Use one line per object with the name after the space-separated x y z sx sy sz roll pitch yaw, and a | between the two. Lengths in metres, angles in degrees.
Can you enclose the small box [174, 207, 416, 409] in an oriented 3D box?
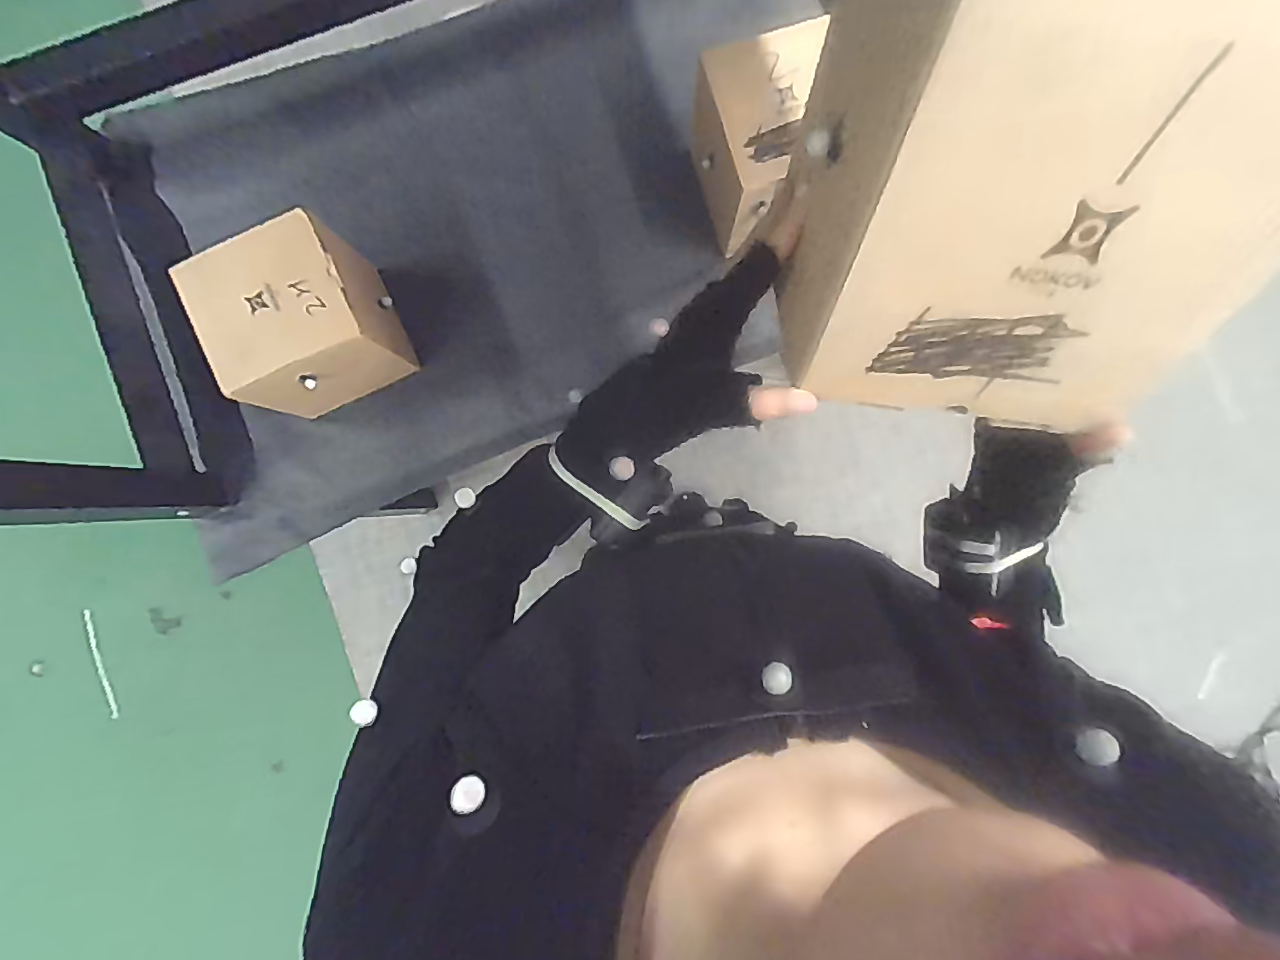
-0.430 -0.207 0.704 0.179 0.176 0.168 -25 88 -1 | small box
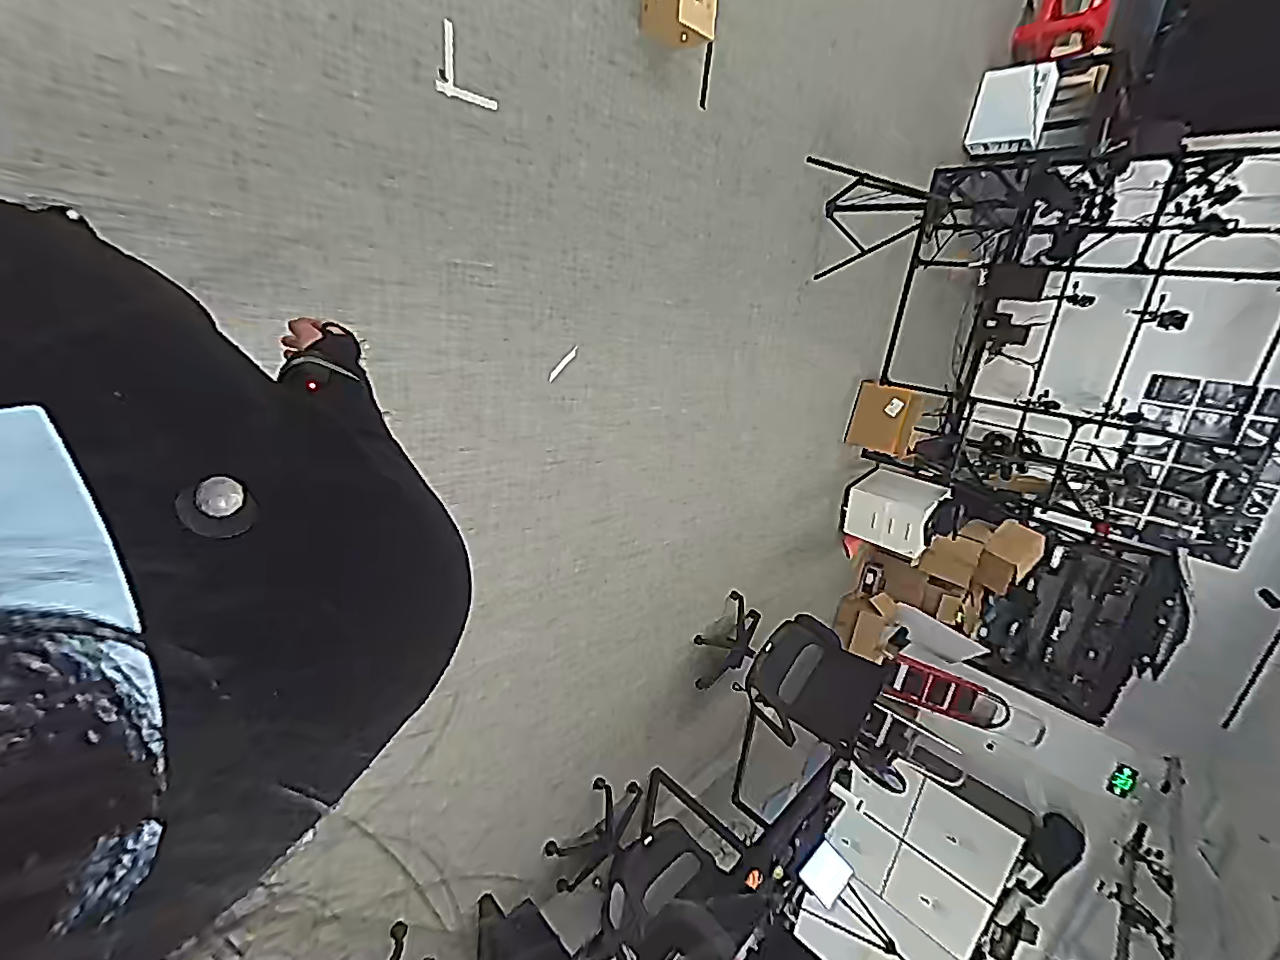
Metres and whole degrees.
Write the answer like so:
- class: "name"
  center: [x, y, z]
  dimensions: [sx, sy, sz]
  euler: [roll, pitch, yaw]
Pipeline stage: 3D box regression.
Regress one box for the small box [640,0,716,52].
- class: "small box"
  center: [0.119, -1.481, 1.695]
  dimensions: [0.179, 0.176, 0.168]
  euler: [-16, 119, -44]

^^^^^^^^^^^^^^^^

Exactly reproduce each record, leaving out any pictures.

Reply to the exercise:
Use one line per object with the name after the space-separated x y z sx sy sz roll pitch yaw, and a | between the two. Lengths in metres, angles in degrees.
Can you enclose the small box [174, 207, 416, 409] in an oriented 3D box?
-0.430 -0.207 0.704 0.179 0.176 0.168 -25 88 -1 | small box
Metres and whole degrees.
Write the answer like so:
- class: "name"
  center: [x, y, z]
  dimensions: [sx, sy, sz]
  euler: [roll, pitch, yaw]
Pipeline stage: 3D box regression.
Regress one box for the small box [640,0,716,52].
- class: "small box"
  center: [0.119, -1.481, 1.695]
  dimensions: [0.179, 0.176, 0.168]
  euler: [-16, 119, -44]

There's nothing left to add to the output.